Он был уже в двухстах ярдах от ручья Кокли-Бек, когда его внимание привлекло скопление машин и людей. Рауф остановился, вглядываясь и принюхиваясь. Рауф мало что знал о повадках людей за пределами исследовательского центра, но даже ему в поведении собравшихся здесь почудилось нечто странное. У них не было ни намерения, ни цели, они вообще ничего не делали, просто толклись на одном месте. Рауфу стало не по себе: он понял, что они встревожены чем-то весьма необычным, что вывело из привычного равновесия. Он осторожно приблизился, прижимаясь к сухой каменной стене; при этом его ошейник зацепился за торчавший из нее камень, и пес высвободил его резким рывком.
Прямо перед ним люди в темно-синей одежде стояли у большой, заметной издалека белой машины. Они негромко переговаривались, время от времени поглядывая на землю, где лежало что-то неподвижное, укрытое одеялом. Чуть поодаль виднелась группа людей в рабочей одежде, все они были с ружьями. Судя по их запаху и одежде, это были фермеры, причем те самые, за которыми они с лисом наблюдали нынче утром.
Узнав их, Рауф непроизвольно шарахнулся прочь, отстранившись от каменной стены. Один из мужчин тотчас вскинул руку, указывая в его сторону, и закричал. Еще секунда, и по камням возле самой его головы защелкала дробь. Визг рикошета слился в его ушах со звуком выстрела. Рауф перескочил к противоположной стене, пронесся по лугу, с разбегу нырнул в Даддон, рывком выскочил на другой берег и скрылся в зарослях ольхи.
Понедельник, 8 ноября
Шум автомобильного движения, доносившийся с голой, лишенной травы и деревьев улицы, заставлял держать не слишком чистые окна закрытыми. Впрочем, внутри помещения все равно было шумно: все время звонили телефоны, стрекотали пишущие машинки, негромко урчал кондиционер, оттягивая часть сигаретного дыма и подмешивая к оставшемуся выхлопные газы с улицы. Наружный свет проникал в огромную комнату с двух сторон, но тем, кто трудился за столами, стоявшими («располагавшимися», как выразились бы сами сотрудники) ближе к центру, все равно было темновато; поэтому весь рабочий день под потолком ярко горели электрические лампы. Еще эта комната чем-то напоминала клетку с волнистыми попугайчиками: то же постоянное движение, время от времени — приглушенные, дабы не мешать окружающим, разговоры. На каждом столе стояла табличка с фамилией сотрудника, у каждого работника был свой телефон, свой журнал для записей, свои письменные принадлежности, своя настольная лампа, свои мыло, полотенце, чайная чашка с блюдечком и запираемый выдвижной ящик. На некоторых столах виднелись фотографии в рамках, на других — пыльные растения в горшках, неухоженные и несчастные, но не менее цепкие и живучие, чем их владельцы.

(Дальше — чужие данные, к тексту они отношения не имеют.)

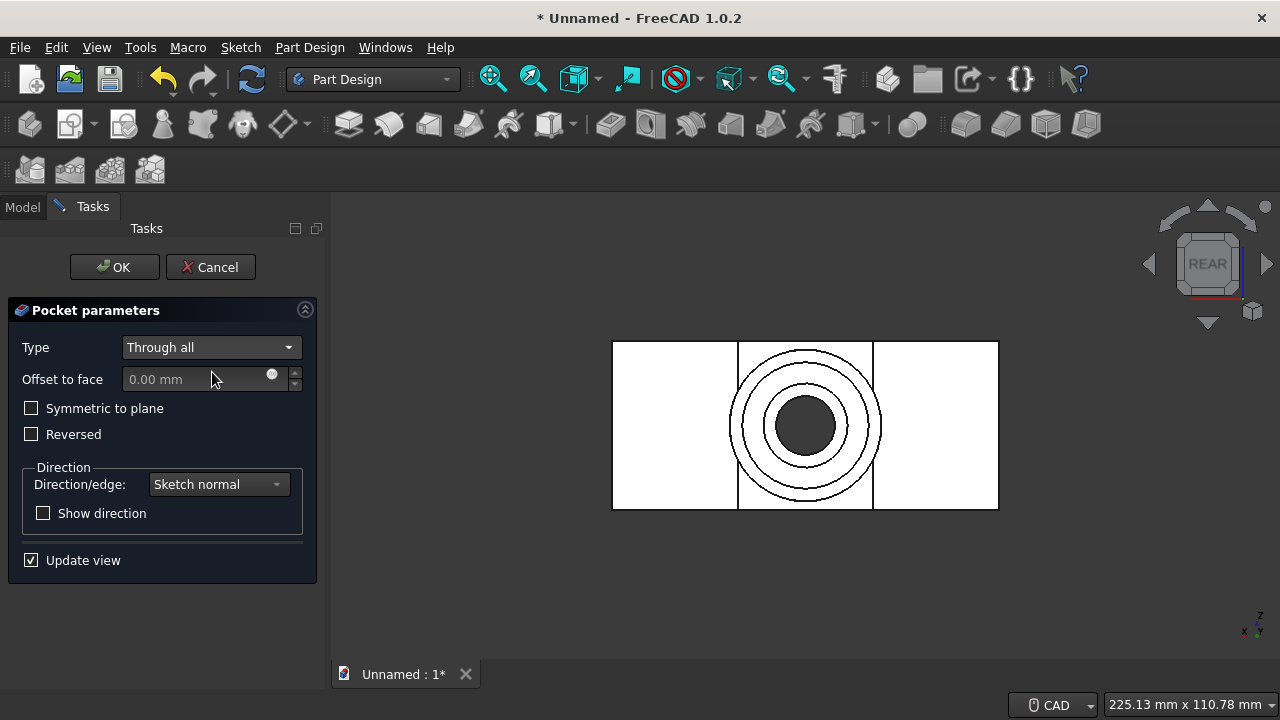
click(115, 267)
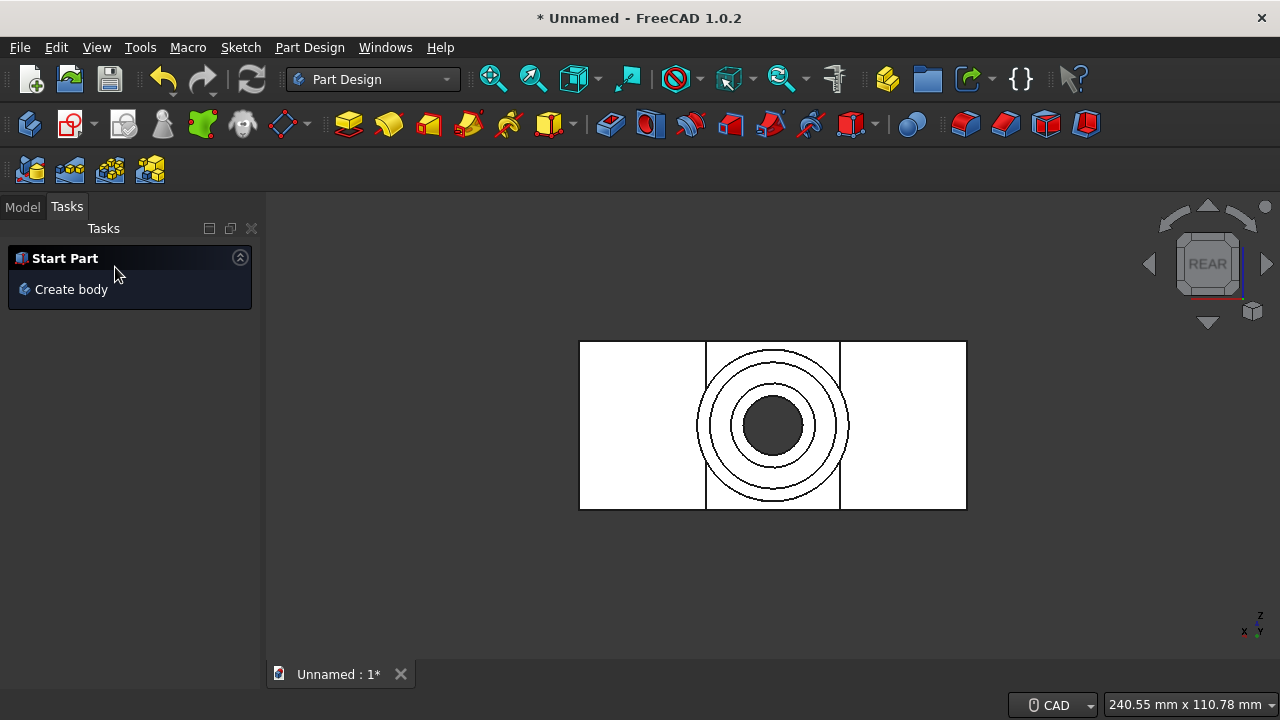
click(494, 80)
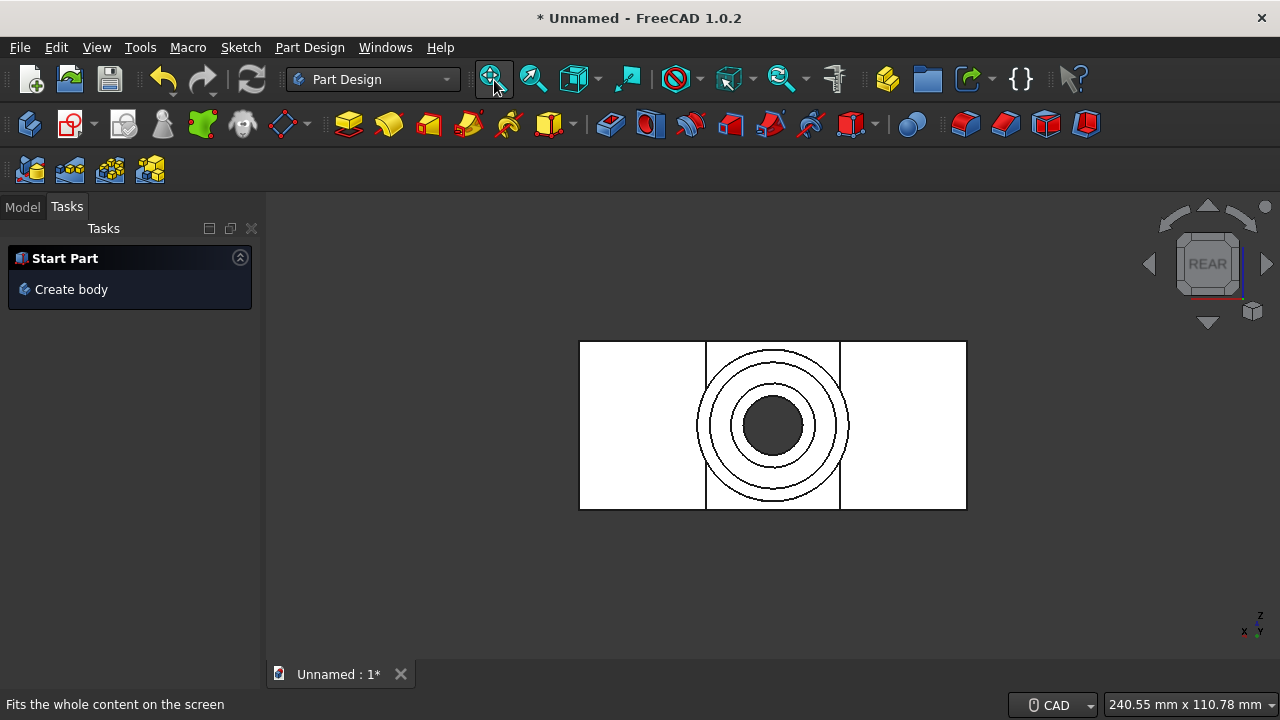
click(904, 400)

Как ни странно, это заведение вовсе не было делом рук доктора Бойкотта, и здесь не проводился эксперимент по исследованию пределов выживаемости и способностей к адаптации. Это была всего-навсего часть Англии, населенная такими же психами, как он, образчик современной организации труда, редакция ежедневной газеты «Лондонский оратор» — главного печатного органа всемирно известного издательского дома «Айвор-стоун-пресс». «Оратор» служил сторожевым псом свободы, колыбелью канцелярской рутины, рассадником легкого порно, крокодиловой слезой над современной моралью, а также акульей глоткой и разводным ключом сэра Айвора Стоуна. Снаружи, над главной дверью, при которой состоял швейцаром отставной полковой старшина О’Рурк, служивший некогда в Ирландском гвардейском полку (и, пожалуй, единственный честный человек во всем заведении), красовался герб сэра Айвора и его замысловатый девиз: «Primus lapidem iaciam»[26]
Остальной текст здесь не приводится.